Об этой внутренней апории, рожденной мерцающим присутствием/отсутствием «я», точнее всего говорит герой-любовник из «Терроризма», имитирующий — по просьбе любовницы — изнасилование связанной жертвы:
Мужчина>(продолжая говорить и связывать): Мне совсем не хочется думать об этом, мне хочется представлять, что да — что-то непознанное и страшно интересное лежит передо мною, связанное, и сейчас я надругаюсь над ним, и ничего мне за это не будет, потому что в принципе всё по обоюдному согласию, хотя это вынесено за скобки >(связав женщине ноги, мужчина ложится на нее; некоторое время не двигается, затем начинает половой акт), и я знаю, что я был бы гораздо счастливее, если бы у меня, действительно, была бы какая-то такая мания кого-нибудь связывать и получать от этого наслаждение, или нюхать втихаря чье-нибудь белье или носки, и так беззаветно отдаваться этому делу, что кончать только от одной мысли, что вот сейчас я понюхаю что-то интимное, чужое… Я был бы счастлив от этого, но мне все это не нравится, я не могу ничем таким увлечься, и вообще я понял, что у меня каждая частица моего тела отделена от другой и живет своей, не понятной всему остальному организму жизнью, — все разное, а иногда вообще одна часть меня терроризирует другую, да… а вот сейчас мое сознание издевается над всем, что должно доставлять мне сексуальное удовольствие, то есть вот я трусь об тебя — и никакого удовольствия, потому что я как в скафандре, и то, что у меня стоит, и то, что я, наверное, через полторы минуты кончу, — это всё по памяти, но с каждым таким терактом моего сознания я подхожу к тому, что совсем все забуду, и первое, что меня ждет, — превращение в импотента, потом — дальше и дальше, и если мне вдруг не понравится запах чьего-нибудь белья, то мне конец… конец… конец… >(Кончает.)

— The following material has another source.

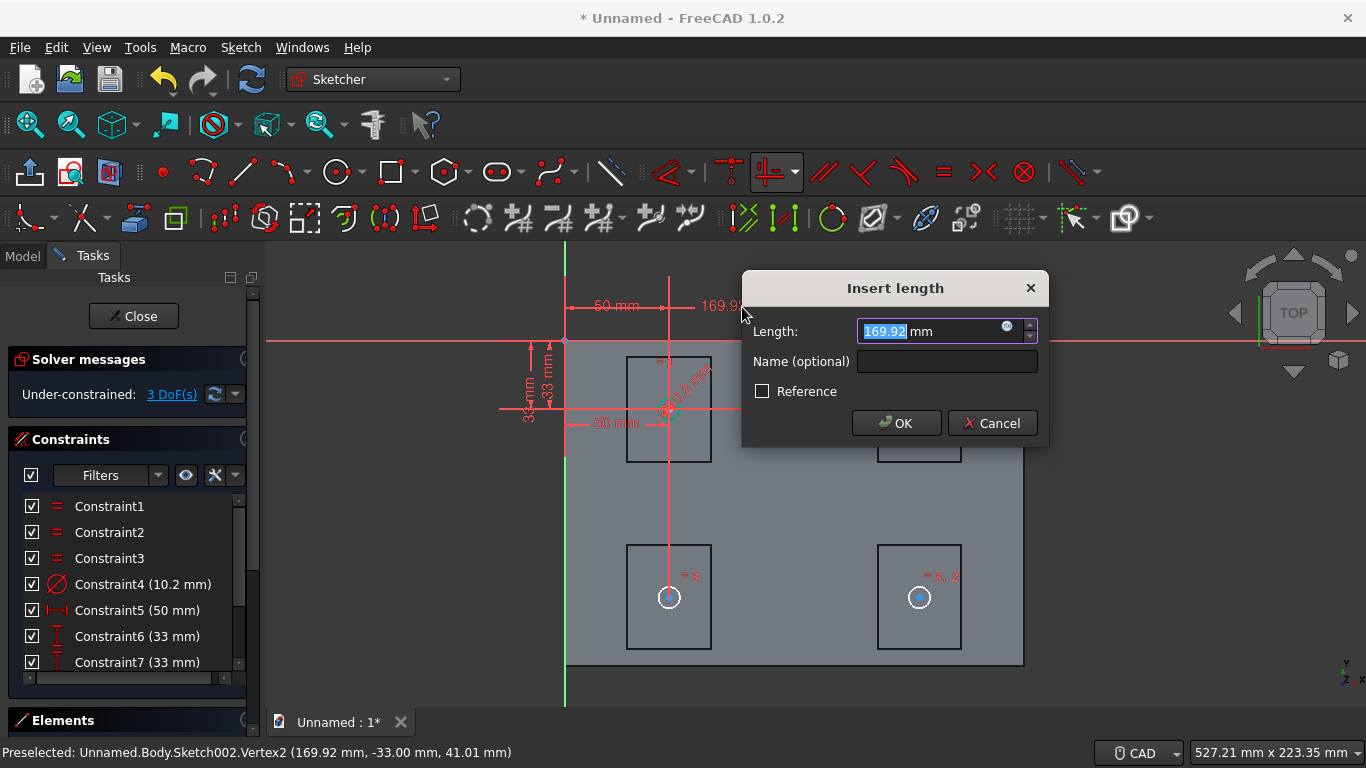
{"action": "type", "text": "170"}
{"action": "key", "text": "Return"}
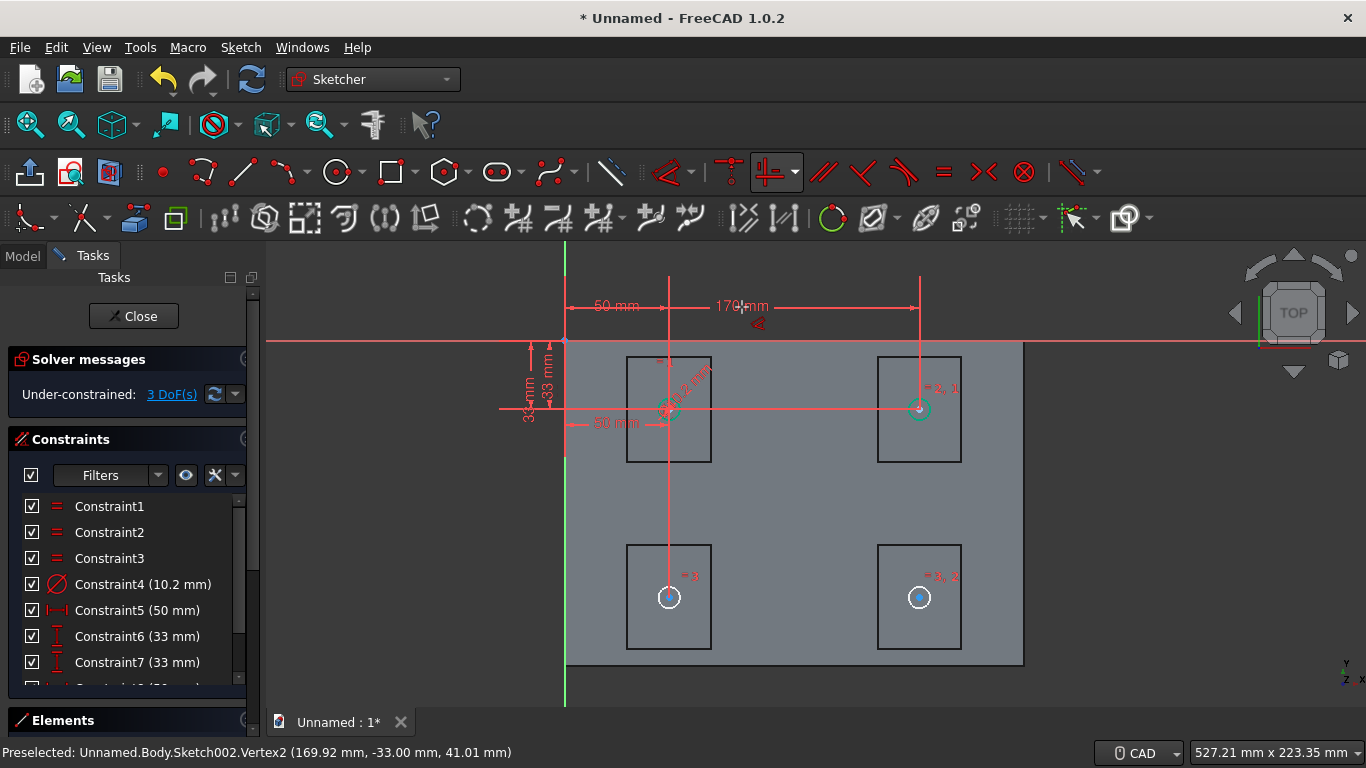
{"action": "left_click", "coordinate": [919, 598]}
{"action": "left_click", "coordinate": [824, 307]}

Женщина. У меня онемело всё…
Мужчина. От колготок? Развязать?
Женщина. От слов твоих, они, я не знаю, как кандалы…[1176]
Интересно, что Мужчина мечтает о том, чтобы научиться — пусть даже путем, который кому-то покажется извращенным, — ощущать чужое (запах, плоть, существование) как не-свое, как отличное, как иное. Только так можно убедиться в собственной автономности, подтвердить свое индивидуальное существование. Ритуал, более или менее общепринятый (такой, как сексуальный акт, если воспринимать его именно как ритуал), эту автономность опровергает, делая свое неотличимым от автоматического, привычного, расхожего, ничейного, — и потому стирает всякую индивидуальную чувствительность, вызывает эмоциональное онемение — «как в скафандре». Не случайно сразу же после приведенного монолога, не развязав свою подругу, любовник засовывает ей кляп в рот — чтоб не мешала криками — и ложится рядом прикорнуть: он привык после секса поесть и поспать.
Таких сцен у Пресняковых — множество. Мать из «Прихода тела», уверенная в том, что убила дочку (хотя на самом деле ее убил отец — как сказано в ремарке, «надувающий одну щеку» и изображающий спокойствие), воющая и страдающая, сразу же после того, как милиционер унес тело ребенка, всхлипывая, спрашивает у мужа: «Картошку жарить или лапшу варить?» А пьяненькая «метрдотелиха» из японского ресторана, изображающая по требованию администрации пожилую японку «с судьбой» и поющая арию, а вернее, жестокий полублатной романс на сюжет «Чио-Чио-Сан» (пьеса «Изображая жертву»)? Зовут ее, между прочим, Василина Рихардовна!
Бесчувствие выглядит особенно смешным в сочетании с теми ситуациями, в которых традиционно ожидается если не страсть, то хотя бы эмоциональная вовлеченность. Потому так комичны у Пресняковых сексуальные сцены в «Bad Bed Stories» и особенно в «Изображая жертву», где героиня, по своей функции в пьесе напоминающая об Офелии, под одеялом массирует член Вале-«Гамлету» — при этом они оба ведут деловитую беседу с матерью Вали («Гертрудой») о том, какой хлеб покупать: батон московский или лаваш кавказский.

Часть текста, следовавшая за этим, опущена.